At the beginning of each episode \(t\), a MDP \(M_t\) is sampled from the current posterior. Let \(P_t\) and \(R_t\) be the transition and reward distributions of \(M_t\). The set of optimal policies \(\Pi_{M_t}\) for this MDP can be found using Backward Induction as \(P_t\) and \(R_t\) are known. The agent samples a policy \(\pi_t\) from \(\Pi_{M_t}\) and follows it for \(H\) steps. The rewards and transitions witnessed during this episode are used to update the posteriors. Let \(f\) be the prior density over the MDPs and \(\mathcal{H}_t\) be the history of episodes seen until \(t-1\). Let \(s_{h,t}\) be the state observed, \(a_{h,t}\) be the action performed and \(r_{h,t}\) be the reward received at time \(h\) in episode \(t\).
Similarity to Thompson Sampling
A \(k\)-armed Bernoulli Bandit instance is defined by the unknown \(k\) dimensional vector \((p_1,p_2,..,p_k)\), where \(p_i\) is the probability of success of the \(i\)th arm.
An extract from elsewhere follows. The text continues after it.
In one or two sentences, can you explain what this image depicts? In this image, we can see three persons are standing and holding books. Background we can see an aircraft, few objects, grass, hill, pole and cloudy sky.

Let \(\mathcal{B}_k\) be the set of all \(k\)-armed Bernoulli Bandit. \(\mathcal{B}_k = \{(p_1,p_2,..,p_k):0\leq p_i \leq 1\}\). \(\mathcal{B}_k\) is in fact the \(k\)-dimensional unit cube. Thompson Sampling essentially maintains a probability density over \(\mathcal{B}_k\). At each step, it samples a bandit instance from \(\mathcal{B}_k\) according to this density, acts Optimally with respect to the sampled instance and uses Bayes’s Theorem to update the density according to the rewards received. When the arms are uncorrelated, this procedure corresponds to sampling from each arm separately, i.e., the usual Thompson Sampling algorithm.
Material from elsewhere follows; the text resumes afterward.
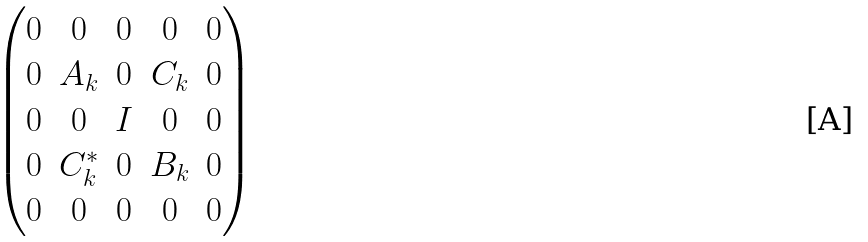<formula> <loc_0><loc_0><loc_500><loc_500>\begin{pmatrix} 0 & 0 & 0 & 0 & 0 \\ 0 & A _ { k } & 0 & C _ { k } & 0 \\ 0 & 0 & I & 0 & 0 \\ 0 & C _ { k } ^ { * } & 0 & B _ { k } & 0 \\ 0 & 0 & 0 & 0 & 0 \end{pmatrix}</formula>

Now consider the set of all EFH-MDPs \(\mathcal{M}\) with \(S\) states, \(A\) actions and episode length \(H\). It is a little difficult to visualize the space \(\mathcal{M}\), but it is the product space of a \(SA\) dimensional cube (corresponding to \(R\)) and \(SA\) simplexes of dimension \(S-1\) (corresponding to \(P\)). PSRL maintains a probability density over \(\mathcal{M}\). At each episode, it samples an MDP instance from \(\mathcal{M}\) according to this density, acts Optimally with respect to the sampled instance and uses Bayes’s Theorem to update the density according to the rewards and transitions witnessed.
Posterior Sampling
Posterior Sampling serves as a general idea which transcend both Bandits and MDPs. It can be used for bandits with correlated arms (both known and unknown correlations), contextual bandits and possibly even a general class of problems called Contextual Decision Processes. The idea can be captured in 4 simple lines:
- Maintain a probability density over the space of Models.
- Sample an instance according to this density.
- Act optimally according to the sampled instance.
- Use Bayes’s theorem to update the probability density.
By following these four steps, it is guaranteed that the density will concentrate around the true parameters of the model.
Extra Reading
There is a significant amount of work dedicated to proving that PSRL and similar posterior sampling algorithms are sample efficient and suffer low worst case regret. Section 3.3 of the Bayesian RL book provides a good summary of the current state of these results.